Marcus Paul Blucas (/'bluːkəs/; born January 11, 1972) is an American actor. Prior to his acting career, he played college basketball with the Wake Forest Demon Deacons. He had his first starring role as soldier and love interest Riley Finn on the WB supernatural drama series Buffy the Vampire Slayer from 1999 to 2000, and later starred as football team manager Matthew Donnelly on the USA drama series Necessary Roughness from 2011 to 2013.

Blucas starred alongside Katie Holmes in the romantic comedy film First Daughter (2004) and also had lead roles in the thriller films Three (2006) and The Killing Floor (2007). He had supporting roles in the romance films I Capture the Castle (2003), After Sex (2007), and The Jane Austen Book Club (2007); the horror films They (2002), Deadline (2009), and Unearth (2020); the thriller films Brawl in Cell Block 99 (2017) and Looking Glass (2018); and the drama films Prey for Rock & Roll (2004) and Touchback (2011). Knight and day with tom cruise.

==Early life==
Marcus Paul Blucas was born on January 11, 1972, in Butler, Pennsylvania, two years after his sister, Kristen.
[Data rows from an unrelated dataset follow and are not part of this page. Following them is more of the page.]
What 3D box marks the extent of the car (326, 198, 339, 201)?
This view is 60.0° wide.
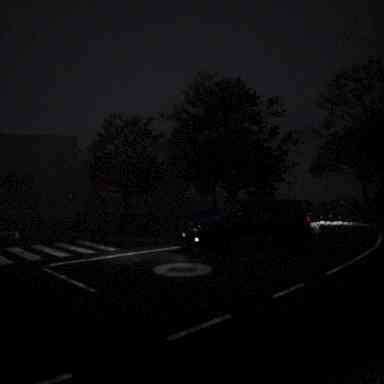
[{"bbox_3d":[19.850,1.961,48.362,1.882,1.535,5.008,-1,-1,26],"label":"car"}]

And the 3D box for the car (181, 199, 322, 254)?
[{"bbox_3d":[2.340,1.335,14.133,5.566,2.045,2.150,-1,0,-16],"label":"car"}]

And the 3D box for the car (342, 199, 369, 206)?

His parents, Walter Joseph Blucas and Mary Catherine (née Gordon), married on January 10, 1970, shortly before both graduated from Indiana University of Pennsylvania (IUP). They are divorced.

A self-confessed "square who earned good grades," Blucas was, like his father, a skilled sportsman. Wally was the quarterback on the undefeated 1968 IUP Big Indians team, competed in the Boardwalk Bowl, and in 1999 was inducted into the IUP Athletics Hall of Fame.
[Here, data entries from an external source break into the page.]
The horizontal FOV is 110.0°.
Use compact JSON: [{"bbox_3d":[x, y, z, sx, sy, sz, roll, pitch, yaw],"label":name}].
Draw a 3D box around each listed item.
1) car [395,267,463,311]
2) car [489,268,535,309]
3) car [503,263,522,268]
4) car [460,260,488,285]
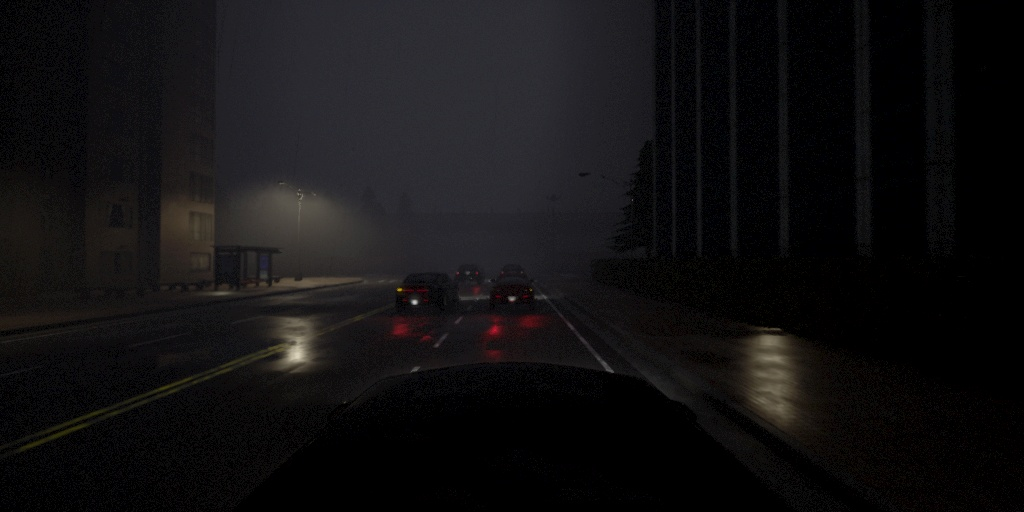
[{"bbox_3d":[-3.477,1.413,15.327,1.837,1.490,4.892,0,0,0],"label":"car"},{"bbox_3d":[0.028,1.436,15.718,1.812,1.442,4.674,0,0,1],"label":"car"},{"bbox_3d":[0.072,1.427,30.247,2.097,1.767,4.553,0,-1,1],"label":"car"},{"bbox_3d":[-3.477,1.427,30.250,2.097,1.767,4.553,0,-1,0],"label":"car"}]

The family moved to Girard in Erie County, Pennsylvania, in 1974, where Blucas' father rose from teacher to school principal and ultimately to Superintendent of Schools for the District. He attended Girard High School in Erie where he graduated in 1990. Blucas became the star player on the Girard High School basketball team, leading them to the Pennsylvania Boys AA State Championship, in the process earning all-state honors and a sports scholarship to Wake Forest University. He played on the Wake Forest Demon Deacons men's basketball team and graduated in 1994 after one season playing on the same court as Tim Duncan. He was also a member of the Sigma Phi Epsilon fraternity.
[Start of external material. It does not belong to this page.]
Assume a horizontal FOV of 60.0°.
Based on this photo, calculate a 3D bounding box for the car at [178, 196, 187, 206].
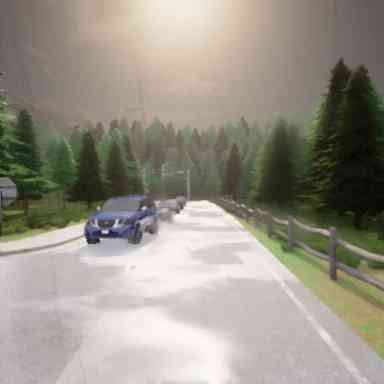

After Blucas failed to make it into the NBA, he moved to England, where he played professional basketball for a year with British Basketball League's Manchester Giants (1975–2001). He later decided to become a lawyer, but changed his mind and went into acting instead.

==Career==
Blucas's first television role was in the television movie Inflammable, made in 1995. From there, he found roles in both television and film. He starred as the Basketball Hero in Gary Ross's Pleasantville (1998). However, Blucas landed his first major role in 1999 as Agent Riley Finn in Buffy the Vampire Slayer. Initially, Blucas was certain that he had blown his audition and had left apologizing for having wasted creator Joss Whedon's time. Whedon asked him to audition again, and he received the part two weeks later. He played Buffy's love interest until 2000.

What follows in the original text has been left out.